* **YOUR TASK**
Transcribe each entry. Change nothing.
[RECORDS]
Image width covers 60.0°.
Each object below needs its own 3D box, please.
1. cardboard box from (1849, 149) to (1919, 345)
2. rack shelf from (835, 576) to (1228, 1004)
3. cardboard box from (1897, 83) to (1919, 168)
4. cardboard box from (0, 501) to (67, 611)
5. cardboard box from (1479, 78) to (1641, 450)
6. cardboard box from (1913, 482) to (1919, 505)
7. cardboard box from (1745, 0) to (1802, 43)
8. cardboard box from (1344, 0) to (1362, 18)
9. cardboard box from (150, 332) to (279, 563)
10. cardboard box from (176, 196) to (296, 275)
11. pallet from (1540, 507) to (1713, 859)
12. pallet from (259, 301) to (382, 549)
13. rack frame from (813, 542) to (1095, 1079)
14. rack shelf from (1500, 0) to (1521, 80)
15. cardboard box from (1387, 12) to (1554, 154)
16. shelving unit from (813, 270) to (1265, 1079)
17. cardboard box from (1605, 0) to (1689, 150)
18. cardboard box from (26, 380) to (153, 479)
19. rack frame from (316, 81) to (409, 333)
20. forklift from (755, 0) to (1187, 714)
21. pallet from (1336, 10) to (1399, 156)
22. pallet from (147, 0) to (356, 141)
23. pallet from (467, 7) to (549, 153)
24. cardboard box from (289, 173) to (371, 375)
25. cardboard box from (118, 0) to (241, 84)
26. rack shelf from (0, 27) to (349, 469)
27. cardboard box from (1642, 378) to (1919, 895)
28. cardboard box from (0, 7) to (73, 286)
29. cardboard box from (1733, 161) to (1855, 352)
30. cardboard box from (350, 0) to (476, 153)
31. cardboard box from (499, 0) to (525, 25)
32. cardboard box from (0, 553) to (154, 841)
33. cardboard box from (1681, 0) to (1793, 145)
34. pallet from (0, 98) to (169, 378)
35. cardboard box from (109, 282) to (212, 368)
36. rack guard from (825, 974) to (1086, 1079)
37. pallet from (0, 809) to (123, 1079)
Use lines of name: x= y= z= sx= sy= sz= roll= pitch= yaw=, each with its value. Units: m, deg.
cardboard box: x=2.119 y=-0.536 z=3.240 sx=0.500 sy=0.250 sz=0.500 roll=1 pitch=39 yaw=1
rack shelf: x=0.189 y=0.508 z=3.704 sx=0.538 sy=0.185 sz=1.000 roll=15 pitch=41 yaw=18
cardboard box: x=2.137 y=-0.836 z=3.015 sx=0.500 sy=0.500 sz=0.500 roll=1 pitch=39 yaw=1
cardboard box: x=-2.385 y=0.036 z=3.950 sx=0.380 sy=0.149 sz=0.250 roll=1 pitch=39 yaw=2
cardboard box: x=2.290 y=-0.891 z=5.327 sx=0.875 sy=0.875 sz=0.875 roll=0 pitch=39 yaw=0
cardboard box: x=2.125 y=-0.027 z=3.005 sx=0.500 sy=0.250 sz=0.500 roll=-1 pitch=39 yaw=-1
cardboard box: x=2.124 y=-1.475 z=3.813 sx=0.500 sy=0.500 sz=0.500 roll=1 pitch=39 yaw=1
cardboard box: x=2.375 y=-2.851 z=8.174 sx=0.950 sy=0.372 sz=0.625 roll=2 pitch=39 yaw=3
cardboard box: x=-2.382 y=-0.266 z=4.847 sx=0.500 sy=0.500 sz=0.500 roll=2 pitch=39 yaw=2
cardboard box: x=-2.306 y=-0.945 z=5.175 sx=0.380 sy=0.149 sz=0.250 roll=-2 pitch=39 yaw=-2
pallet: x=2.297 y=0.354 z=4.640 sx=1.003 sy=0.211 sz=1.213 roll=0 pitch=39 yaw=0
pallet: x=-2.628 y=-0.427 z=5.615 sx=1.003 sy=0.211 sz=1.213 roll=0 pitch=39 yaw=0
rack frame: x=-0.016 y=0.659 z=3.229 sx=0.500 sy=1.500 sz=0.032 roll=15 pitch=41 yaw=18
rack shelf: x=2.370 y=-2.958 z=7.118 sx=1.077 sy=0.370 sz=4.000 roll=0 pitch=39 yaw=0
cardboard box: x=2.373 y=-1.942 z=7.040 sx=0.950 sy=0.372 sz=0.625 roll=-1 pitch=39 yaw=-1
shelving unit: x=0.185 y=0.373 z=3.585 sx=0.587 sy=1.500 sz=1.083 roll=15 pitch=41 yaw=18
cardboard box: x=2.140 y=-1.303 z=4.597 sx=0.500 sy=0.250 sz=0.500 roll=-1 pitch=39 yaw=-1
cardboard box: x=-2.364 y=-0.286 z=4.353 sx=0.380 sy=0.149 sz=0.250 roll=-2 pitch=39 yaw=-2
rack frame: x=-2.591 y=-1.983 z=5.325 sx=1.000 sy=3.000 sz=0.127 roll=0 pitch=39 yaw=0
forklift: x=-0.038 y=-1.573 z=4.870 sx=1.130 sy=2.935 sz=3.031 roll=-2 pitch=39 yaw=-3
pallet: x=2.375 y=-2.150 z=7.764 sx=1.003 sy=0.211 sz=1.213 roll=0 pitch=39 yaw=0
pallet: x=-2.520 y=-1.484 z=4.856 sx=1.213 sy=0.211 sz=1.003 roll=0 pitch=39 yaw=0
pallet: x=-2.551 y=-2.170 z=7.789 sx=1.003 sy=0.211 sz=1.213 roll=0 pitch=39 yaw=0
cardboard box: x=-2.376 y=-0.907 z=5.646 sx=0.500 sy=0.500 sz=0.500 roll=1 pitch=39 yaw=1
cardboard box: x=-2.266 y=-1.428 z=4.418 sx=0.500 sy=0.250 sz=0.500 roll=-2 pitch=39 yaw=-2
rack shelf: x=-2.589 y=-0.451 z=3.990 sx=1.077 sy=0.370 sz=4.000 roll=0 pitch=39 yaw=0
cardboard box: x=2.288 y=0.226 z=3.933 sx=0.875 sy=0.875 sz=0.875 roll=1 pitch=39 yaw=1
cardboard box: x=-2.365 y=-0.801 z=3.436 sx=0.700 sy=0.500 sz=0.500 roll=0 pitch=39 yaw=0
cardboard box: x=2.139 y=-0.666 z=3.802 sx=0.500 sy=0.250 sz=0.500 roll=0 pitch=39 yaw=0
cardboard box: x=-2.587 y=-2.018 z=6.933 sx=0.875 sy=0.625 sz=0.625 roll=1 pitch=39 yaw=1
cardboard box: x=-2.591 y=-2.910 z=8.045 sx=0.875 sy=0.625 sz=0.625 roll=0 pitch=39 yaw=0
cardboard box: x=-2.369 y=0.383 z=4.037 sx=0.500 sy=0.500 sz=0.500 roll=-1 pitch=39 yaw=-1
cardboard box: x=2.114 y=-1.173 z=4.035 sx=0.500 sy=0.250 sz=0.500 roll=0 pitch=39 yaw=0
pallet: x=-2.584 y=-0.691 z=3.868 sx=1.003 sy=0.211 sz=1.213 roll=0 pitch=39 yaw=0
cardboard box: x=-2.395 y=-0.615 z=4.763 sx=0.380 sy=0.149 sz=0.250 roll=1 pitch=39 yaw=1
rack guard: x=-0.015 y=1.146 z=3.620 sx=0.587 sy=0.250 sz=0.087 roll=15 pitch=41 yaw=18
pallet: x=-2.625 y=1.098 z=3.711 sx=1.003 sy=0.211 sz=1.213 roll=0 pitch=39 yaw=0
[/RECORDS]
* **ANSWER FOR THE TASK**
Image width covers 60.0°.
Each object below needs its own 3D box, please.
1. cardboard box from (1849, 149) to (1919, 345)
2. rack shelf from (835, 576) to (1228, 1004)
3. cardboard box from (1897, 83) to (1919, 168)
4. cardboard box from (0, 501) to (67, 611)
5. cardboard box from (1479, 78) to (1641, 450)
6. cardboard box from (1913, 482) to (1919, 505)
7. cardboard box from (1745, 0) to (1802, 43)
8. cardboard box from (1344, 0) to (1362, 18)
9. cardboard box from (150, 332) to (279, 563)
10. cardboard box from (176, 196) to (296, 275)
11. pallet from (1540, 507) to (1713, 859)
12. pallet from (259, 301) to (382, 549)
13. rack frame from (813, 542) to (1095, 1079)
14. rack shelf from (1500, 0) to (1521, 80)
15. cardboard box from (1387, 12) to (1554, 154)
16. shelving unit from (813, 270) to (1265, 1079)
17. cardboard box from (1605, 0) to (1689, 150)
18. cardboard box from (26, 380) to (153, 479)
19. rack frame from (316, 81) to (409, 333)
20. forklift from (755, 0) to (1187, 714)
21. pallet from (1336, 10) to (1399, 156)
22. pallet from (147, 0) to (356, 141)
23. pallet from (467, 7) to (549, 153)
24. cardboard box from (289, 173) to (371, 375)
25. cardboard box from (118, 0) to (241, 84)
26. rack shelf from (0, 27) to (349, 469)
27. cardboard box from (1642, 378) to (1919, 895)
28. cardboard box from (0, 7) to (73, 286)
29. cardboard box from (1733, 161) to (1855, 352)
30. cardboard box from (350, 0) to (476, 153)
31. cardboard box from (499, 0) to (525, 25)
32. cardboard box from (0, 553) to (154, 841)
33. cardboard box from (1681, 0) to (1793, 145)
34. pallet from (0, 98) to (169, 378)
35. cardboard box from (109, 282) to (212, 368)
36. rack guard from (825, 974) to (1086, 1079)
37. pallet from (0, 809) to (123, 1079)
Use lines of name: x= y= z= sx= sy= sz= roll= pitch= yaw=, each with its value. Units: m, deg.
cardboard box: x=2.119 y=-0.536 z=3.240 sx=0.500 sy=0.250 sz=0.500 roll=1 pitch=39 yaw=1
rack shelf: x=0.189 y=0.508 z=3.704 sx=0.538 sy=0.185 sz=1.000 roll=15 pitch=41 yaw=18
cardboard box: x=2.137 y=-0.836 z=3.015 sx=0.500 sy=0.500 sz=0.500 roll=1 pitch=39 yaw=1
cardboard box: x=-2.385 y=0.036 z=3.950 sx=0.380 sy=0.149 sz=0.250 roll=1 pitch=39 yaw=2
cardboard box: x=2.290 y=-0.891 z=5.327 sx=0.875 sy=0.875 sz=0.875 roll=0 pitch=39 yaw=0
cardboard box: x=2.125 y=-0.027 z=3.005 sx=0.500 sy=0.250 sz=0.500 roll=-1 pitch=39 yaw=-1
cardboard box: x=2.124 y=-1.475 z=3.813 sx=0.500 sy=0.500 sz=0.500 roll=1 pitch=39 yaw=1
cardboard box: x=2.375 y=-2.851 z=8.174 sx=0.950 sy=0.372 sz=0.625 roll=2 pitch=39 yaw=3
cardboard box: x=-2.382 y=-0.266 z=4.847 sx=0.500 sy=0.500 sz=0.500 roll=2 pitch=39 yaw=2
cardboard box: x=-2.306 y=-0.945 z=5.175 sx=0.380 sy=0.149 sz=0.250 roll=-2 pitch=39 yaw=-2
pallet: x=2.297 y=0.354 z=4.640 sx=1.003 sy=0.211 sz=1.213 roll=0 pitch=39 yaw=0
pallet: x=-2.628 y=-0.427 z=5.615 sx=1.003 sy=0.211 sz=1.213 roll=0 pitch=39 yaw=0
rack frame: x=-0.016 y=0.659 z=3.229 sx=0.500 sy=1.500 sz=0.032 roll=15 pitch=41 yaw=18
rack shelf: x=2.370 y=-2.958 z=7.118 sx=1.077 sy=0.370 sz=4.000 roll=0 pitch=39 yaw=0
cardboard box: x=2.373 y=-1.942 z=7.040 sx=0.950 sy=0.372 sz=0.625 roll=-1 pitch=39 yaw=-1
shelving unit: x=0.185 y=0.373 z=3.585 sx=0.587 sy=1.500 sz=1.083 roll=15 pitch=41 yaw=18
cardboard box: x=2.140 y=-1.303 z=4.597 sx=0.500 sy=0.250 sz=0.500 roll=-1 pitch=39 yaw=-1
cardboard box: x=-2.364 y=-0.286 z=4.353 sx=0.380 sy=0.149 sz=0.250 roll=-2 pitch=39 yaw=-2
rack frame: x=-2.591 y=-1.983 z=5.325 sx=1.000 sy=3.000 sz=0.127 roll=0 pitch=39 yaw=0
forklift: x=-0.038 y=-1.573 z=4.870 sx=1.130 sy=2.935 sz=3.031 roll=-2 pitch=39 yaw=-3
pallet: x=2.375 y=-2.150 z=7.764 sx=1.003 sy=0.211 sz=1.213 roll=0 pitch=39 yaw=0
pallet: x=-2.520 y=-1.484 z=4.856 sx=1.213 sy=0.211 sz=1.003 roll=0 pitch=39 yaw=0
pallet: x=-2.551 y=-2.170 z=7.789 sx=1.003 sy=0.211 sz=1.213 roll=0 pitch=39 yaw=0
cardboard box: x=-2.376 y=-0.907 z=5.646 sx=0.500 sy=0.500 sz=0.500 roll=1 pitch=39 yaw=1
cardboard box: x=-2.266 y=-1.428 z=4.418 sx=0.500 sy=0.250 sz=0.500 roll=-2 pitch=39 yaw=-2
rack shelf: x=-2.589 y=-0.451 z=3.990 sx=1.077 sy=0.370 sz=4.000 roll=0 pitch=39 yaw=0
cardboard box: x=2.288 y=0.226 z=3.933 sx=0.875 sy=0.875 sz=0.875 roll=1 pitch=39 yaw=1
cardboard box: x=-2.365 y=-0.801 z=3.436 sx=0.700 sy=0.500 sz=0.500 roll=0 pitch=39 yaw=0
cardboard box: x=2.139 y=-0.666 z=3.802 sx=0.500 sy=0.250 sz=0.500 roll=0 pitch=39 yaw=0
cardboard box: x=-2.587 y=-2.018 z=6.933 sx=0.875 sy=0.625 sz=0.625 roll=1 pitch=39 yaw=1
cardboard box: x=-2.591 y=-2.910 z=8.045 sx=0.875 sy=0.625 sz=0.625 roll=0 pitch=39 yaw=0
cardboard box: x=-2.369 y=0.383 z=4.037 sx=0.500 sy=0.500 sz=0.500 roll=-1 pitch=39 yaw=-1
cardboard box: x=2.114 y=-1.173 z=4.035 sx=0.500 sy=0.250 sz=0.500 roll=0 pitch=39 yaw=0
pallet: x=-2.584 y=-0.691 z=3.868 sx=1.003 sy=0.211 sz=1.213 roll=0 pitch=39 yaw=0
cardboard box: x=-2.395 y=-0.615 z=4.763 sx=0.380 sy=0.149 sz=0.250 roll=1 pitch=39 yaw=1
rack guard: x=-0.015 y=1.146 z=3.620 sx=0.587 sy=0.250 sz=0.087 roll=15 pitch=41 yaw=18
pallet: x=-2.625 y=1.098 z=3.711 sx=1.003 sy=0.211 sz=1.213 roll=0 pitch=39 yaw=0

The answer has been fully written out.